Speeding innovation to market
Because AI guides experimentation, the path from concept to viable material is dramatically shortened. Instead of running hundreds of experiments, companies can home in on a handful of high-potential candidates, test them, and scale up.
The most successful AI-driven R&D combines deep domain expertise with strong data science, creating a partnership that keeps predictions grounded in physical reality. Chemists ensure that AI-generated suggestions are actually synthesizable, safe, and scalable, while data scientists build and tune the models, uncover patterns, and generate hypotheses for experts to validate. As new experimental results come in, chemists refine their protocols and data scientists update the models, forming a continuous loop where AI proposes, humans verify, and both sides learn. This virtuous cycle steadily improves accuracy and accelerates meaningful discovery.
Challenges and Considerations
While the AI-enabled predict-and-verify approach is powerful, it is not a silver bullet. There are important challenges to navigate:
- Inaccessibility to data: One of the biggest barriers to accelerating R&D is simply finding and using the data required to train effective models. Much of the information scientists and engineers need is scattered across siloed systems, stored in inconsistent formats, or not digitised at all. Even when it is available, data can be difficult and time-consuming to clean, structure, and interpret. This slows down progress long before experimentation begins.

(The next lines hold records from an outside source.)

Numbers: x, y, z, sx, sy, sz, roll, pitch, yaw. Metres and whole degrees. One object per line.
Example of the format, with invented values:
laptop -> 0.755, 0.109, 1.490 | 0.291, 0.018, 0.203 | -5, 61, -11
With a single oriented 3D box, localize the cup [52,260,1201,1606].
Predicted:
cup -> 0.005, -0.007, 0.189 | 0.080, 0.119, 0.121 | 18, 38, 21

- Reproducibility: When AI predicts promising candidates, it’s critical that these predictions are verifiable. Researchers recently highlighted the importance of reproducible materials informatics work, especially in frameworks that claim to predict inorganic material properties.
- Interpretability: For AI to be trusted in R&D, models must be explainable. Otherwise, chemists may not trust or act on recommendations. Explainable AI research in manufacturing has shown how model outputs can be visualised to guide design decisions.

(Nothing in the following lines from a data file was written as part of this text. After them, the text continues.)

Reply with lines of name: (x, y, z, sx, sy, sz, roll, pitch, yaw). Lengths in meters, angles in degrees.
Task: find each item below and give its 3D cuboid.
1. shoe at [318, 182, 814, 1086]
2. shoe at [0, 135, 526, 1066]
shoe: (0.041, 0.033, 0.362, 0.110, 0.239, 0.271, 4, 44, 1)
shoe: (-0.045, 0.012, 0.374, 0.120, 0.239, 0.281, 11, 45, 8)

- Integration with existing workflows: AI should augment, not replace, human workflows. Labs must adapt: build systems for data capture, deploy feedback loops between modelling and experimentation, and invest in collaborative skills.

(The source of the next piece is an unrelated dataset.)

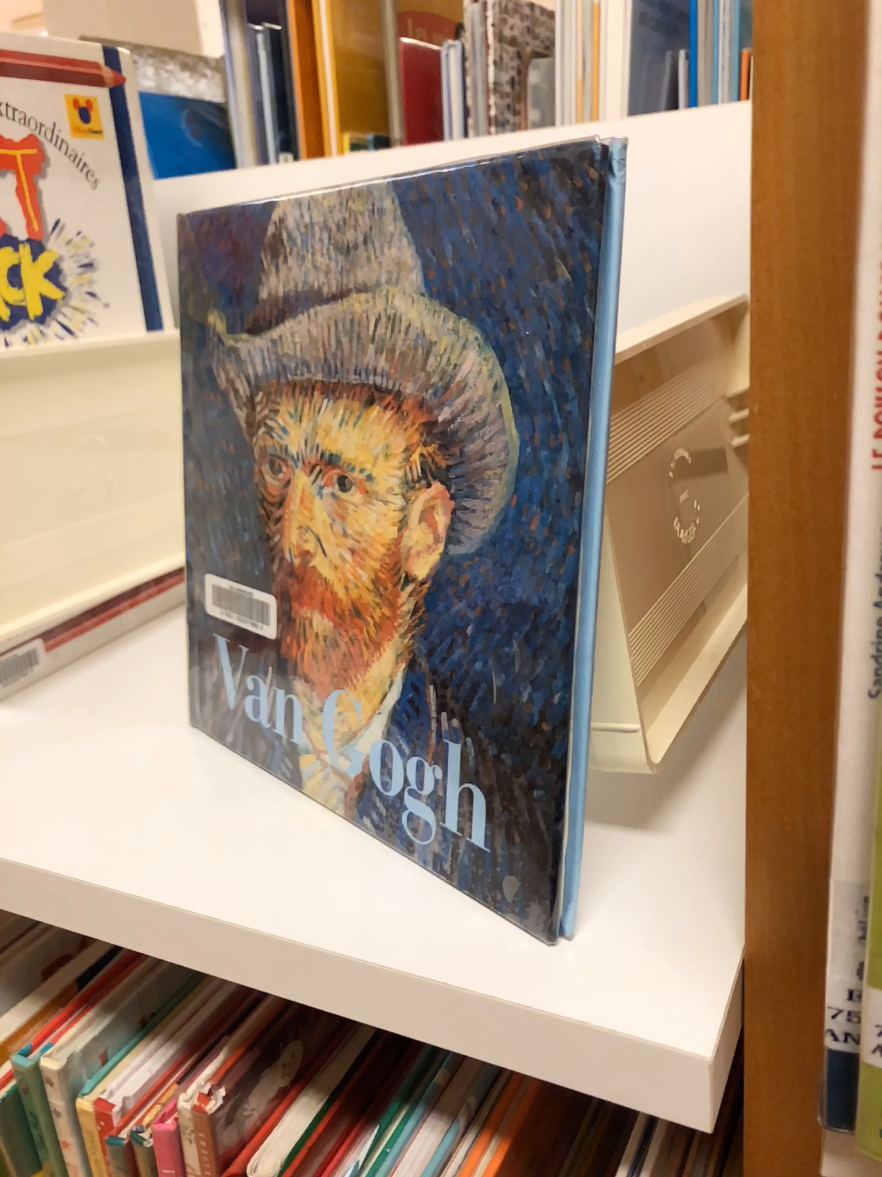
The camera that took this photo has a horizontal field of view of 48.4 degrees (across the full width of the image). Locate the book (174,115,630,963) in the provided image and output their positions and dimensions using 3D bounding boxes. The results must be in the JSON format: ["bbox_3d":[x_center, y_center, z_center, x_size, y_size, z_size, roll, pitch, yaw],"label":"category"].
[{"bbox_3d":[-0.031,-0.021,0.305,0.013,0.198,0.200,-7,14,-40],"label":"book"}]

The bigger picture: AI’s role in the future of manufacturing
The transition from trial-and-error to predict-and-verify is more than a technical upgrade. It represents a cultural shift in R&D. AI will not only accelerate innovation, but also democratise it. Smaller companies with fewer resources can compete by leveraging predictive models to guide their experiments. The future of manufacturing R&D will be defined by intelligent experimentation, where machines and humans collaborate in a tight loop of prediction, verification, and refinement.
Crucially, AI is not here to replace scientists or engineers. By handling repetitive data processing and narrowing the field of promising candidates, AI allows scientists to spend more time doing science, and engineers to focus on engineering. Rather than automating people out of the process, AI amplifies human expertise and removes bottlenecks that prevent teams from working at their full creative and technical potential.
Manufacturing R&D has long been stuck in a cycle of slow, resource-intensive trial and error. With AI, that’s changing. By shifting to a predict-and-verify paradigm, companies can radically reduce waste, cost, and time-to-market and accelerate innovation in critical sectors.
The most powerful applications arise when domain experts and data scientists work together, using specialised models tailored to the physical, chemical, and structural properties of materials. The promise of AI in this context isn’t just about automation, it’s about smarter experimentation, more efficient discovery, and more sustainable manufacturing.
We are entering a new era where R&D is not measured in failed trials, but in validated predictions. The companies that embrace this approach will lead the next wave of industrial innovation.